Last night, Sam slept on his own on his back. Due to an infant breathing disorder, he’s slept and breathed well only on top of one of us, since he was born.
He only woke up kicking and arching his back twice. But I am so used to sleeping sitting up, and sleeping lightly, that this new thing of four hours straight sleep and then lying there awake (checking his breathing rate when he has stridor) that I am raggedly fried, emotionally speaking.
I am reading Shauna Niequist’s delightful book, Bread and Wine. Today as Sam napped I read the chapter, “Hail, Mary.” Shauna describes a night that was “possibly the bleakest of my life,” when she had to take her ten-day old baby to the hospital for suspected spinal meningitis.
She sat through that first night alone with her new baby. She texted her friend who told her to try praying to Mary. When her father arrived and saw she needed him, he took the day off. Her father sent her to the chapel for a break.
There, Shauna (who is Protestant) found a statue of Mary and prayed,
“‘Dear God, we need your help.
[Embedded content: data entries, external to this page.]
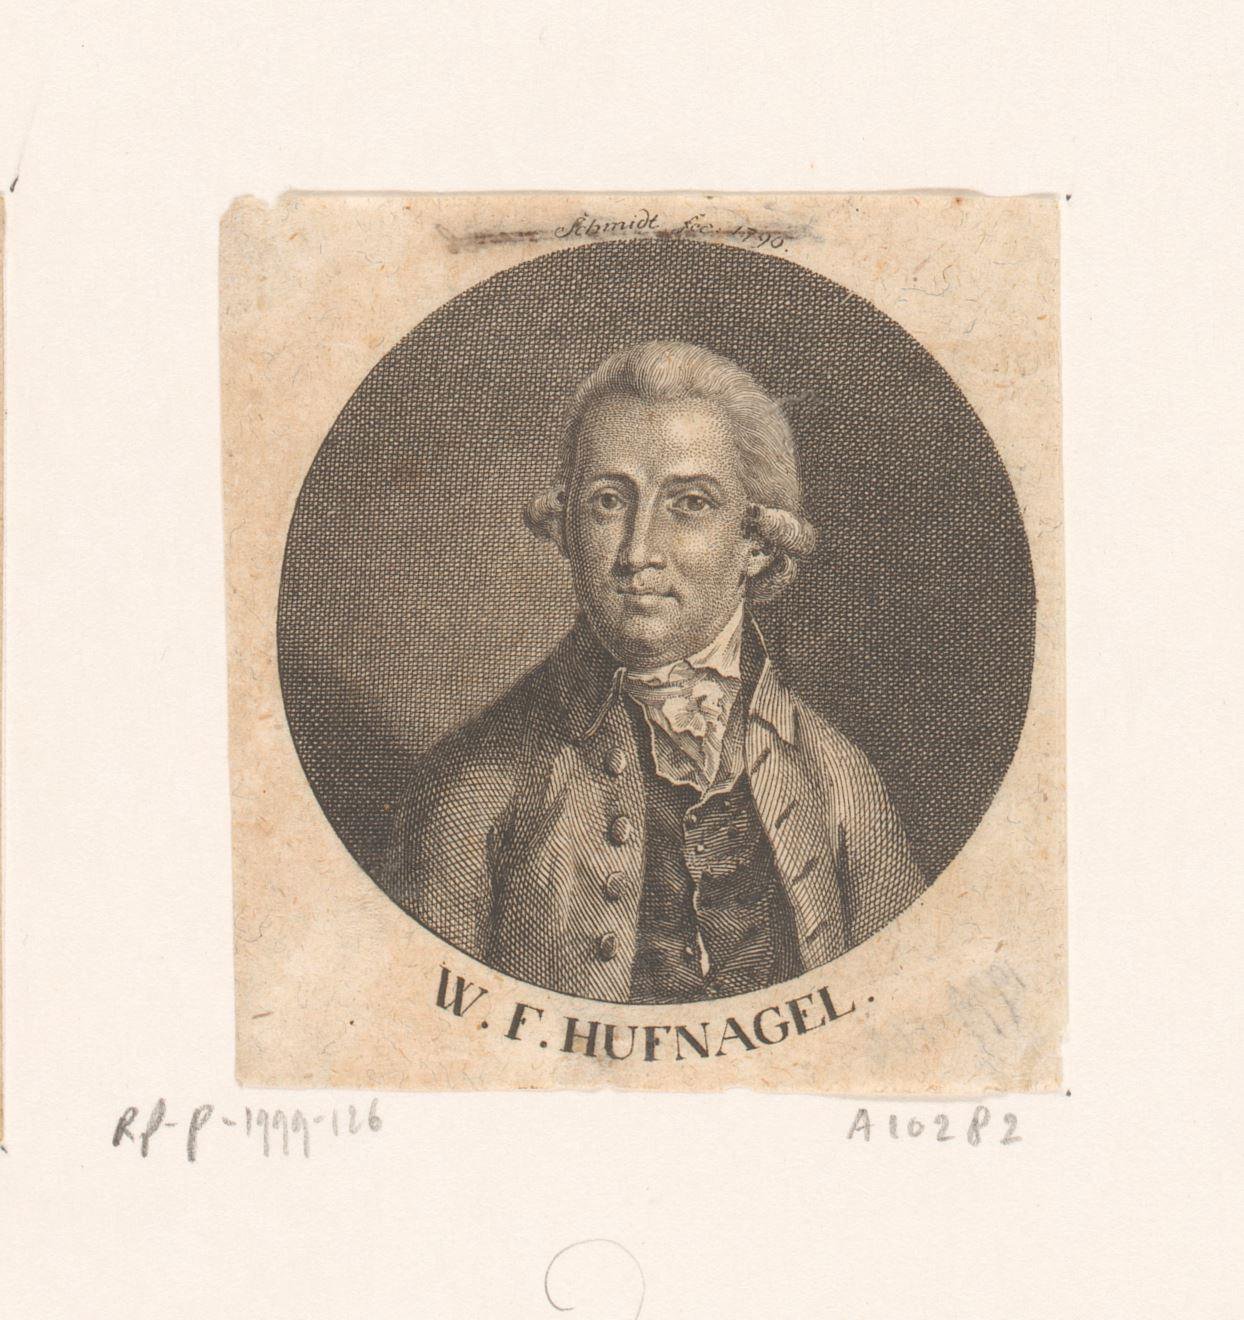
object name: print
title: Portret van Wilhelm Friedrich Hufnagel
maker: georg christoph schmidt
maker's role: print maker
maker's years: 1740-1811
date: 1790
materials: paper
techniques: engraving
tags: historical persons
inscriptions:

Help my baby. Help my baby. Help my baby.’ No longer a prayer now more a keening, low wail. ‘Help my baby. Help my baby.’ The statue of Mary, pale and silent, reminded me that I wasn’t alone at all, that I was one of a great line of mothers who entrusted their children into God’s care, terrifying as it is.” (159)
And soon, she found, her baby was fine. There was no meningitis and they were home the next morning.
I cried hard through this chapter. Maybe because it’s just been a long fifteen months of not sleeping. I never went through this in the hospital with either child but the point is, I needed to cry. This mothering thing is all-consuming, like being a doctoral student for twenty plus years. You’re always “on,” needing to do more. Your job is never really finished until you graduate, or in a mom’s case, until they graduate. I assume anyway. Maybe it just never ends.
God as Mother: does God feel like this? Spent, always responsible, having to stay present emotionally? God never sleeps, either, but this feeling of exhaustion, does She get it? We assume Mary does—she had a lot of kids besides Jesus—but does God?
Jesus compares himself to a mother hen longing to gather up his chicks and protect them. He feels frustrated when Jerusalem does not respond to his maternal love (Matt. 23:37 and Luke 13:34). He sees the crowds as “harassed and helpless” like sheep without a shepherd and feels compassion for them (Matt. 10:36). .
It seems like God wants to mother each of us and yet we are often a lost sheep she searches for, the one she leaves the ninety-nine to find (Luke 15:3). And we often refuse to be found. Normal children reciprocate. They want to be near their Mother and Father.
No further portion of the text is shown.